One thing I have forgotten to mention is that my dear freind Sol left for Jodphur the previous afternoon, whilst I was getting the night train. She does not have a phone in India, however, after asking Deepak where we could try and meet up in Jodphur whilst still in Jaisalmer, he told us the Clock Tower. And neither of us knew where this was, but we were calmly informed that every driver in town would know. So, with that, we had arranged to meet at the Clock Tower (!) at 10.30am. And it was now nearly 9.45am and I hadn't slept, nor had I checked into my hotel. So I arrived at the next hotel, and guess what? "Sorry ma'am, your not staying here either, there's no room. We will drive you round to the guest house where you will be staying, just wait here 10 minutes". ARE YOU KIDDING ME!? This was becoming an actual living nightmare, I was tired, hungry, weak, and did not like the look of this city in which I was being carting around!
So, with the clock ticking as to my rendezvous with Sol, and no way of contacting her, I was getting pretty anxious by the time I was back in the car and being taken to the next place. But, and you will never believe this, as we were turning off the road and into the drive, a woman carrying all her belongings and looking extremely flustered and rushed was hurrying out of the drive way. Sol!! After laughing so hard about the fact that we should end up meeting like this, I soon learned she also had a nightmare of a journey. We ate breakfast (which we made sure was complimentary!) and swapped stories. Hers consisted of also being left alone in the night at the train station, but having luckily befriended two Indians on the train, she was with others. However, there was shouting in the streets and yelling (not Sol, I might add) and she also had been carted from hotel to hotel even though, like me, she too had made her reservation through a Travel Agent in Delhi.

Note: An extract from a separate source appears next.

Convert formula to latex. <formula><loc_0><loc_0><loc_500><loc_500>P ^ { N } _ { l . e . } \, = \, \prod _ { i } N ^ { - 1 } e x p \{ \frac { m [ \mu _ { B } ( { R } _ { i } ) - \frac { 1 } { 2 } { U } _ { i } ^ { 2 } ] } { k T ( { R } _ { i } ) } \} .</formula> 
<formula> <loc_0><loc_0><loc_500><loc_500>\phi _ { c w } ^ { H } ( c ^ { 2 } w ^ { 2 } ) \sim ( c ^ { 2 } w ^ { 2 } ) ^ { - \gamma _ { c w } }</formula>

The moral of this story? Don't travel during the 20 days after Diwali: It's a public holiday and hundreds upon thousands of Indian families are holidaying all over the country, and they, of course, have priority over every, single, room in India, reservation or no reservation.
Our remaining day is Jodphur was far from great, it was too hot, it was too dirty and overcrowded, and we were both extremely exhausted. The highlight of the day was our palm reading session with the Lonely Planet recommended Mr. Sharma, but that was about it. I was glad to be moving on the next day.